● Activity: Taking the line with "- hair dryer [131,138,180,165]" as the first and the line with "- broccolini [421,191,518,221]" as the last, set down exactly every line in that range from the entries below, and no more.

───── Data extract ─────

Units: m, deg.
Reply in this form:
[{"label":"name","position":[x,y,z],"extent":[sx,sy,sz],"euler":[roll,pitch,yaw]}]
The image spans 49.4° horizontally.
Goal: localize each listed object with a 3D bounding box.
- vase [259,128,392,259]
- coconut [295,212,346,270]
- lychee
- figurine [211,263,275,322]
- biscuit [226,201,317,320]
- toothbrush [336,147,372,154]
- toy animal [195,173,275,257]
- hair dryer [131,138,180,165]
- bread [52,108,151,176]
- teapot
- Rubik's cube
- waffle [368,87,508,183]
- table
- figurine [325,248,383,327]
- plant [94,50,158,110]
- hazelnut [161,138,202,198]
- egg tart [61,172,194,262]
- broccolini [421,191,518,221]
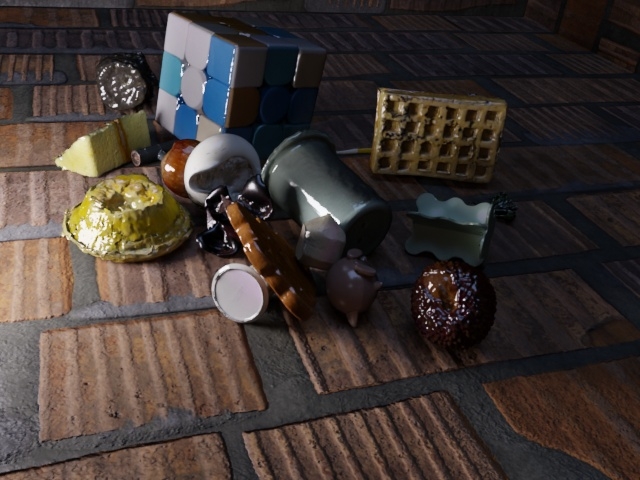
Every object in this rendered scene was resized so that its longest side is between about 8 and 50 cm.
[{"label":"vase","position":[0.026,-0.102,1.694],"extent":[0.245,0.245,0.291],"euler":[-19,46,-35]},{"label":"coconut","position":[0.000,0.000,1.518],"extent":[0.110,0.125,0.110],"euler":[15,0,0]},{"label":"lychee","position":[0.274,0.133,1.429],"extent":[0.188,0.188,0.188],"euler":[5,32,-3]},{"label":"figurine","position":[-0.144,0.089,1.472],"extent":[0.132,0.132,0.153],"euler":[17,20,15]},{"label":"biscuit","position":[-0.085,0.051,1.468],"extent":[0.284,0.043,0.306],"euler":[55,10,15]},{"label":"toothbrush","position":[0.135,-0.283,2.196],"extent":[0.287,0.021,0.024],"euler":[-4,43,-17]},{"label":"toy animal","position":[-0.182,-0.046,1.639],"extent":[0.179,0.218,0.116],"euler":[40,3,-28]},{"label":"hair dryer","position":[-0.409,-0.223,1.976],"extent":[0.194,0.050,0.173],"euler":[33,41,29]},{"label":"bread","position":[-0.594,-0.271,1.961],"extent":[0.142,0.178,0.266],"euler":[44,41,-1]},{"label":"teapot","position":[-0.221,-0.164,1.753],"extent":[0.299,0.209,0.165],"euler":[-4,9,-32]},{"label":"Rubik's cube","position":[-0.240,-0.450,2.046],"extent":[0.344,0.347,0.347],"euler":[-12,35,-41]},{"label":"waffle","position":[0.339,-0.305,2.053],"extent":[0.375,0.261,0.114],"euler":[4,24,-4]},{"label":"table","position":[0.316,-0.029,1.711],"extent":[0.198,0.167,0.166],"euler":[12,31,21]},{"label":"figurine","position":[0.070,0.096,1.471],"extent":[0.125,0.138,0.125],"euler":[9,28,-5]},{"label":"plant","position":[-0.644,-0.529,2.295],"extent":[0.203,0.178,0.234],"euler":[-10,23,-5]},{"label":"hazelnut","position":[-0.344,-0.189,1.825],"extent":[0.143,0.154,0.143],"euler":[21,0,0]},{"label":"egg tart","position":[-0.450,-0.068,1.645],"extent":[0.314,0.120,0.315],"euler":[5,33,-3]},{"label":"broccolini","position":[0.423,-0.115,1.964],"extent":[0.271,0.062,0.123],"euler":[13,22,14]}]
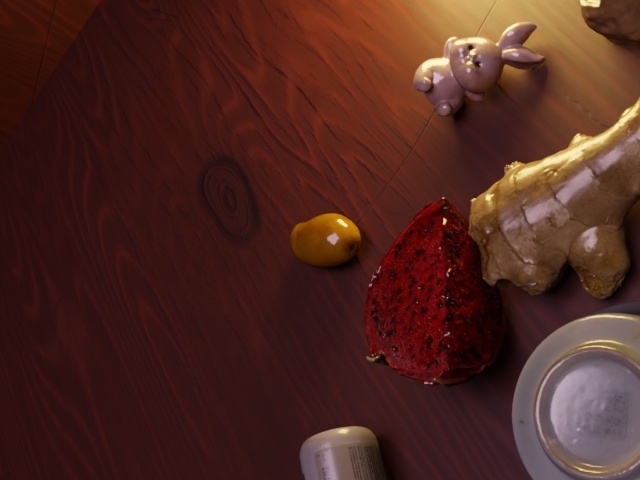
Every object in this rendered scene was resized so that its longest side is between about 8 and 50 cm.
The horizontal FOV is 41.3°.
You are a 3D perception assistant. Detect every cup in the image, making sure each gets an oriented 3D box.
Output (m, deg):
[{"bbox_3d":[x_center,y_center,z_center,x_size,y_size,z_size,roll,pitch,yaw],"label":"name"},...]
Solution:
[{"bbox_3d":[0.392,0.233,1.117,0.347,0.163,0.347,-17,64,38],"label":"cup"}]

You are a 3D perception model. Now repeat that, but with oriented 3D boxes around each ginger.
[{"bbox_3d":[0.382,-0.051,1.222,0.375,0.166,0.236,-39,46,46],"label":"ginger"}]

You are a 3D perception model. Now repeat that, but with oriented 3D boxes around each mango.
[{"bbox_3d":[0.000,0.000,1.606,0.184,0.084,0.102,1,75,48],"label":"mango"}]

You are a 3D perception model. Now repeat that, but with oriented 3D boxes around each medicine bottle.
[{"bbox_3d":[0.047,0.424,1.374,0.135,0.135,0.215,-31,57,30],"label":"medicine bottle"}]

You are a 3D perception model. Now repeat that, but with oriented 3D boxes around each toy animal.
[{"bbox_3d":[0.267,-0.306,1.454,0.212,0.124,0.124,-29,57,36],"label":"toy animal"}]

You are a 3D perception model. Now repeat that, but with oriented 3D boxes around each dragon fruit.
[{"bbox_3d":[0.184,0.120,1.364,0.205,0.152,0.317,-31,44,42],"label":"dragon fruit"}]

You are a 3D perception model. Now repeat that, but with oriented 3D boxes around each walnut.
[{"bbox_3d":[0.501,-0.422,1.273,0.204,0.141,0.238,18,90,39],"label":"walnut"}]

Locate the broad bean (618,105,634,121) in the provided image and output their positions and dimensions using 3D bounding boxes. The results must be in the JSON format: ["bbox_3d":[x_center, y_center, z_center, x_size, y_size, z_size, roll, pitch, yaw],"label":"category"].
[{"bbox_3d":[0.480,-0.170,1.264,0.063,0.045,0.083,-53,41,5],"label":"broad bean"}]

─────

● Answer section:
- hair dryer [131,138,180,165]
- bread [52,108,151,176]
- teapot
- Rubik's cube
- waffle [368,87,508,183]
- table
- figurine [325,248,383,327]
- plant [94,50,158,110]
- hazelnut [161,138,202,198]
- egg tart [61,172,194,262]
- broccolini [421,191,518,221]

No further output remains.